A patent filed by Apple outlines a unique way of using facial recognition that’s energy-efficient and couples with a multi-user environment for devices like the iPad.
The patent outlines a very interesting way to implement a low-energy version of facial recognition alongside presence detection.
The problem with facial recognition is two-fold. First, analyzing images is computationally heavy work, which can hit a portable device’s battery hard. Secondly, for more reliable recognition, controlled lighting situations are necessary, which doesn’t work with portable devices since they’re used inside and outside. Apple is trying to solve both these problem with the patent.
How do they work around these problems? Well, possibly through focusing on a “high information” part of the face and picking out a few different and important features.
In some cases, the high information portion includes eyes and a mouth. In some other cases, the high information portion further includes a tip of a nose. Processing the captured image could include detecting a face within the captured image by identifying the eyes in an upper one third of the captured image and the mouth in the lower third of the captured image.
[…] Additionally, processing the captured image could further include vertically scaling a distance between an eyes-line and the mouth of the detected face to equal a corresponding distance for the face in the reference image in order to obtain the normalized image of the detected face.
By narrowing the relevant focus for criteria, that cuts down on the computational issues. Then, focusing on specific points as criteria to compare to the reference photo (captured when setting up facial recognition) will further make the process more efficient than traditional feature correlation matching.
Because this implementation is energy-efficient, this could be active all the time. Feasibly, you could bring your iPhone out of stand-by, point the camera at you and it would automatically unlock, not unlike how it works on Android. The difference lies in the computationally inexpensive method used.

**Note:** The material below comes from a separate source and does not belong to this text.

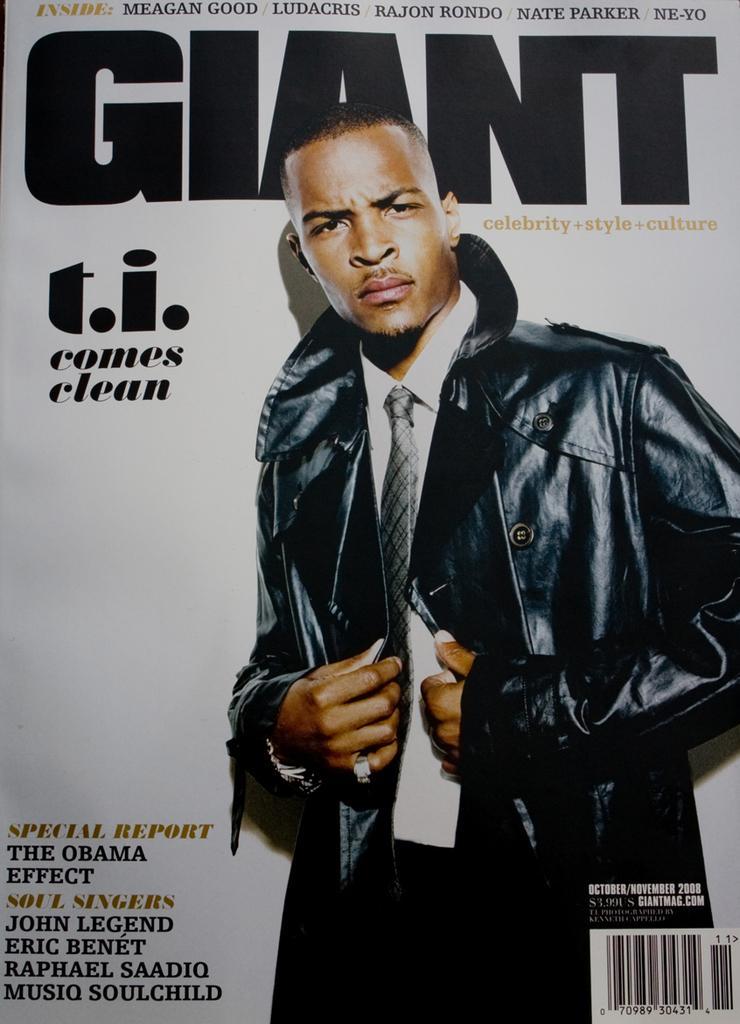Please provide a concise description of this image. In this image there is a picture of a person with some text on a magazine cover. 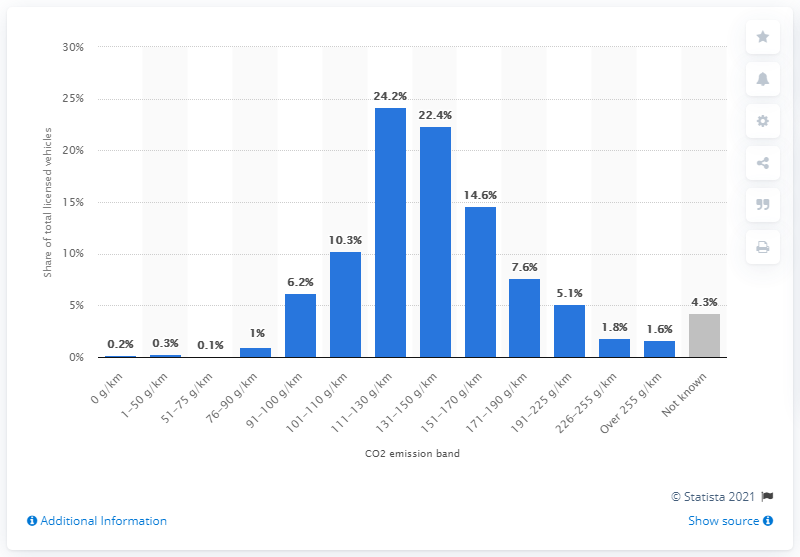Highlight a few significant elements in this photo. According to recent data, only 0.2% of passenger cars in the UK have zero emissions. Approximately 1.6% of licensed cars in the UK fall into the highest emission band, which is over 255 grams of CO2 per kilometer.

Apple also outlines how this could be used in conjunction with a previous patent they filed for presence detection. Presence detection uses various types of radiation emission – such as sound, light, or radio waves – to detect the presence and distance of someone nearby similarly to how sonar/radar works. This could automatically activate the component that works with facial recognition, and then unlock your device and prepare it for you.
Another big feature of this patent is that facial recognition could be used to identify one of many users that are configured with an iOS device. It could then load that user’s personal configuration.
For example, to comply with such personalized configurations, the iOS device could modify screen saver slide shows or other appliance non-security preferences.
An iPad could be configured to work with a family, and each person’s settings – such as wallpaper, application data, and so forth – could be brought up upon unlocking.
Lastly, the patent looks at the fact that Apple’s implementation could tap into the GPU to minimize computational overhead, and that it could potentially be used to see how attentive a person is to the device. This last piece would probably be used to prevent photos from successfully unlocking the device (like what happens with Android devices). The patent explicitly mentions that it would work with MacBook (and desktop Mac OS X) as well as iOS devices like iPhone, iPod Touch, and iPad.